Discretionary Authority to Decide Claims and Appeals
The Administrative Committee, or its delegate, shall have full discretionary authority to determine eligibility under the Plan’s terms, to interpret and apply the terms and provisions of the Plans, to resolve discrepancies and ambiguities, and to make final decisions on the appeal by an Eligible Employee of an initial denied claim. Subject to Compensation Committee, the Administrative Committee’s, or its delegate’s, decision will be final and binding on all parties.
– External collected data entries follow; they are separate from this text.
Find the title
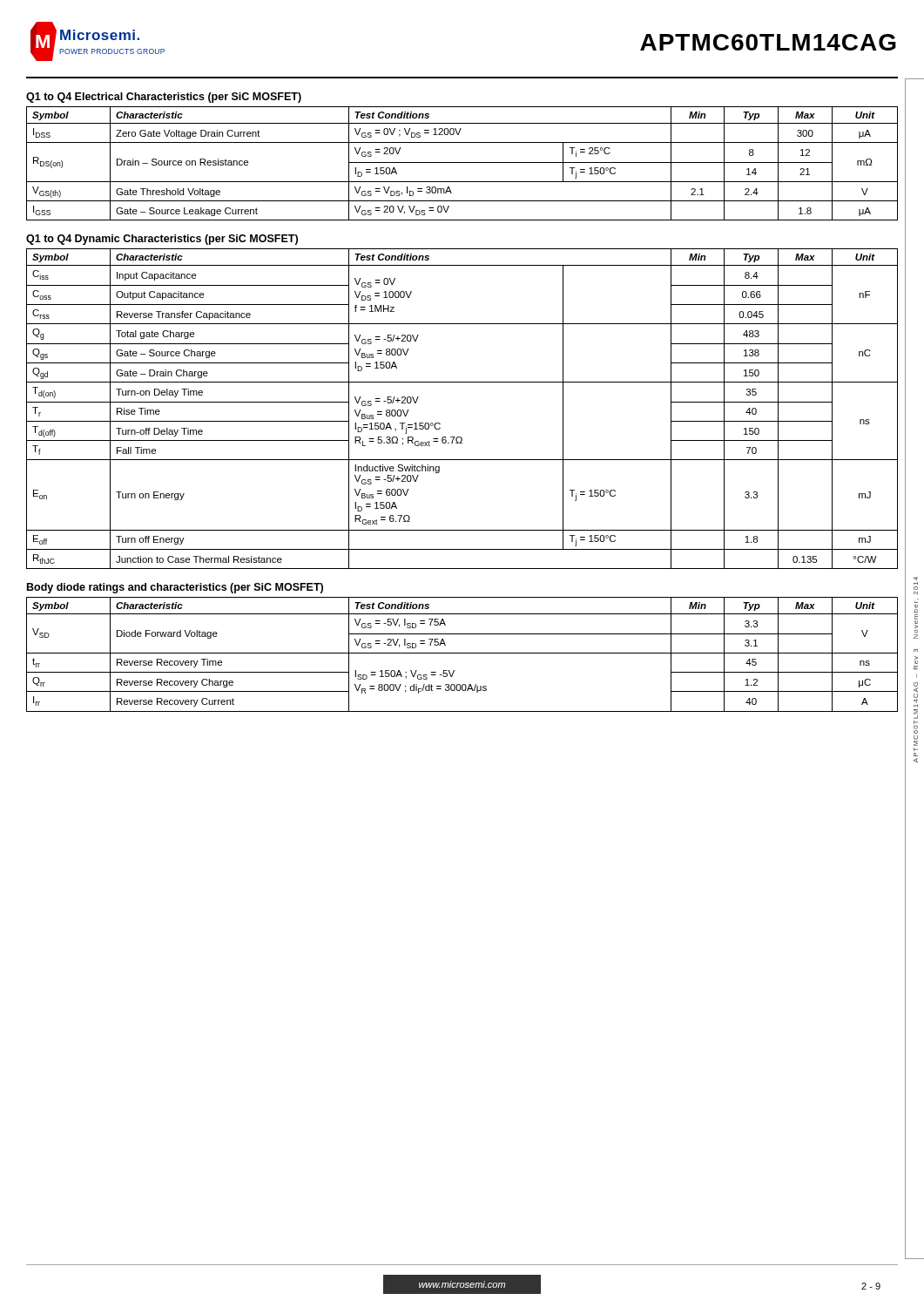Viewport: 924px width, 1307px height. [x=769, y=42]
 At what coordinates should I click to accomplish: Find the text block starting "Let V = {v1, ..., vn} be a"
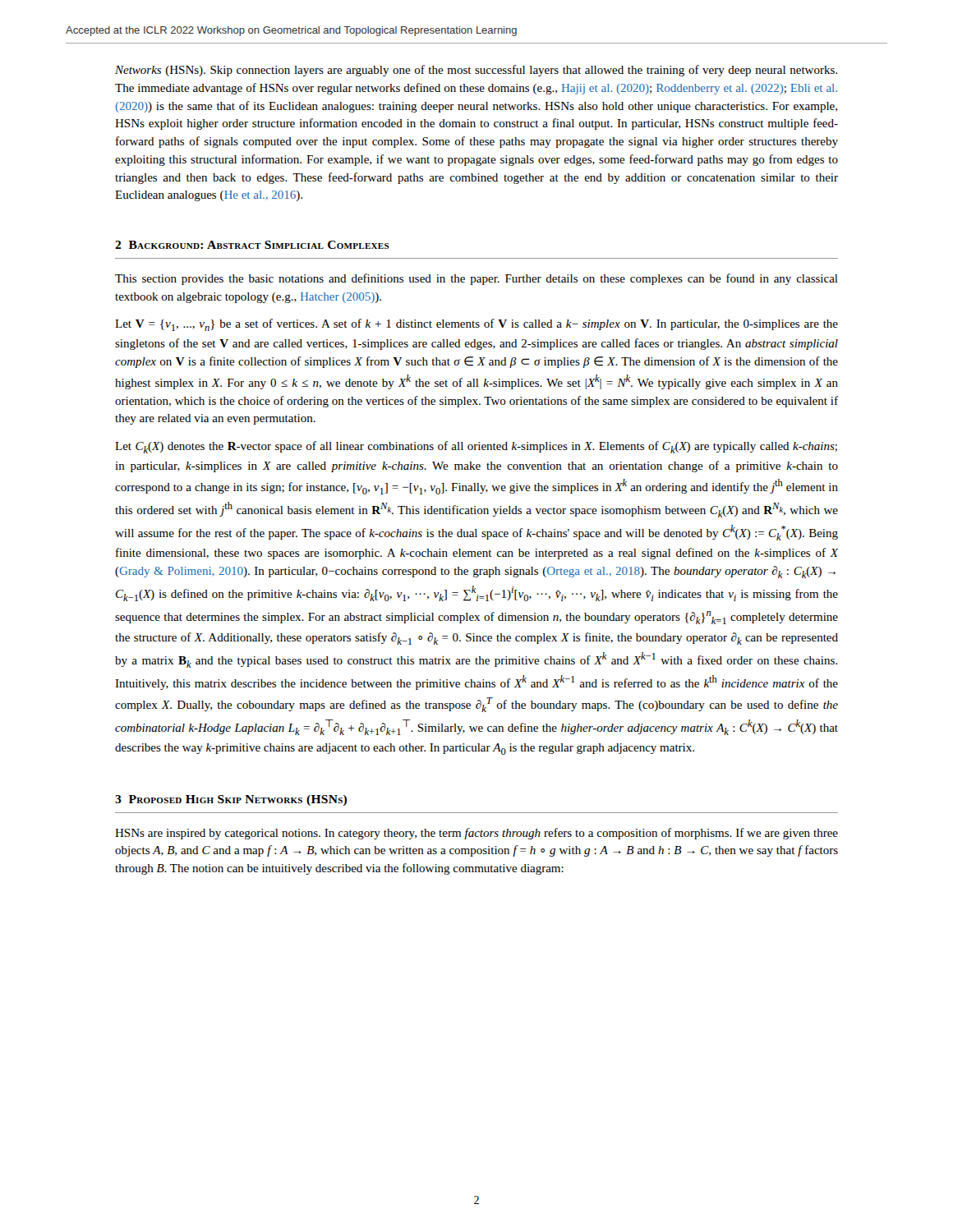(x=476, y=372)
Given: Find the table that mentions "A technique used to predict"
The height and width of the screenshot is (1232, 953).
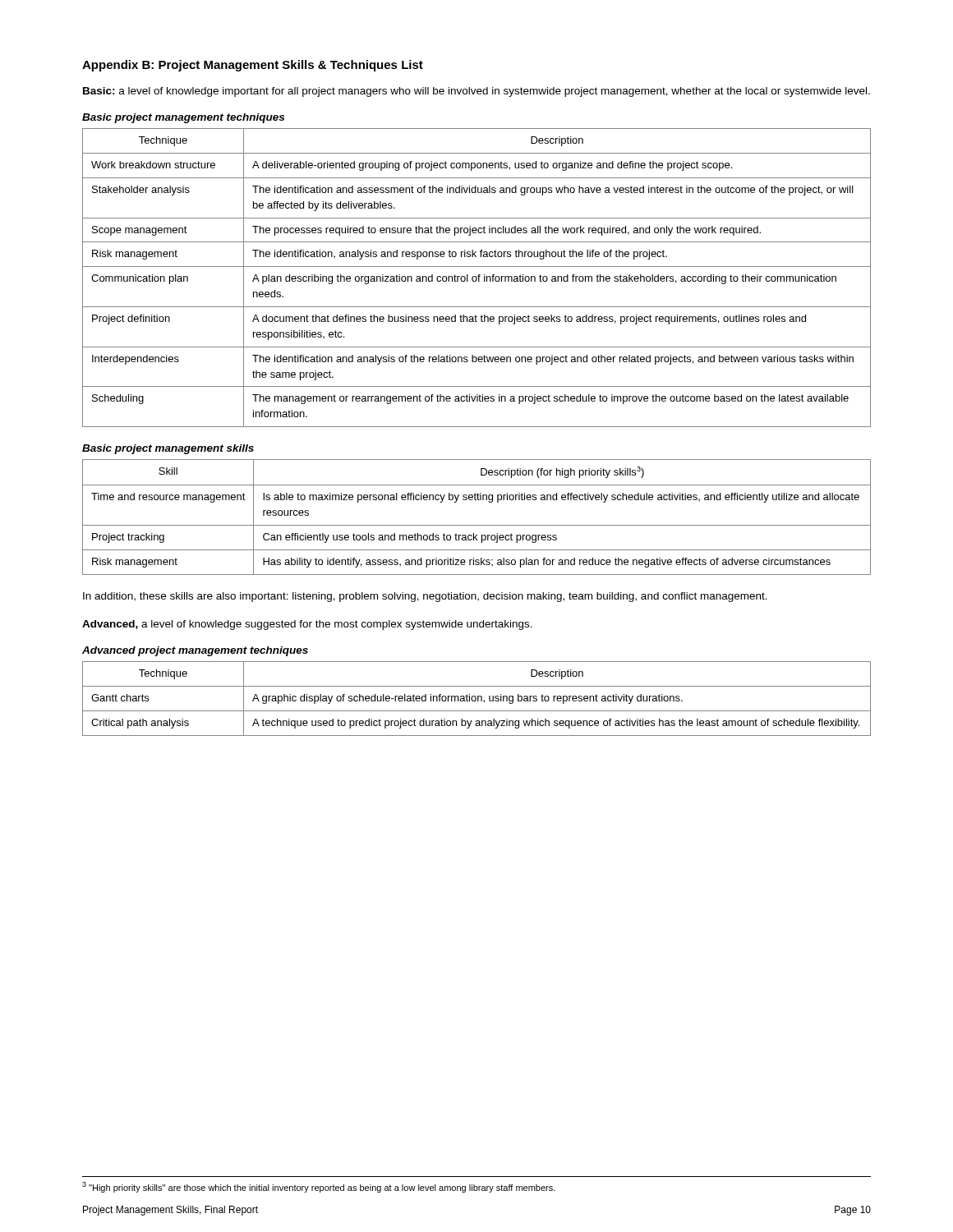Looking at the screenshot, I should (x=476, y=698).

Right to File a Lawsuit Under ERISA
In the event an Eligible Employee’s appeal under a Plan is denied by the Administrative Committee, or its delegate, he or she shall have the right to file a lawsuit under ERISA Section 502(a). Any such lawsuit must be filed within 12 months of the appeal having been denied. Any lawsuit filed shall be governed by ERISA, or to the extent not preempted, the laws of the State of Delaware.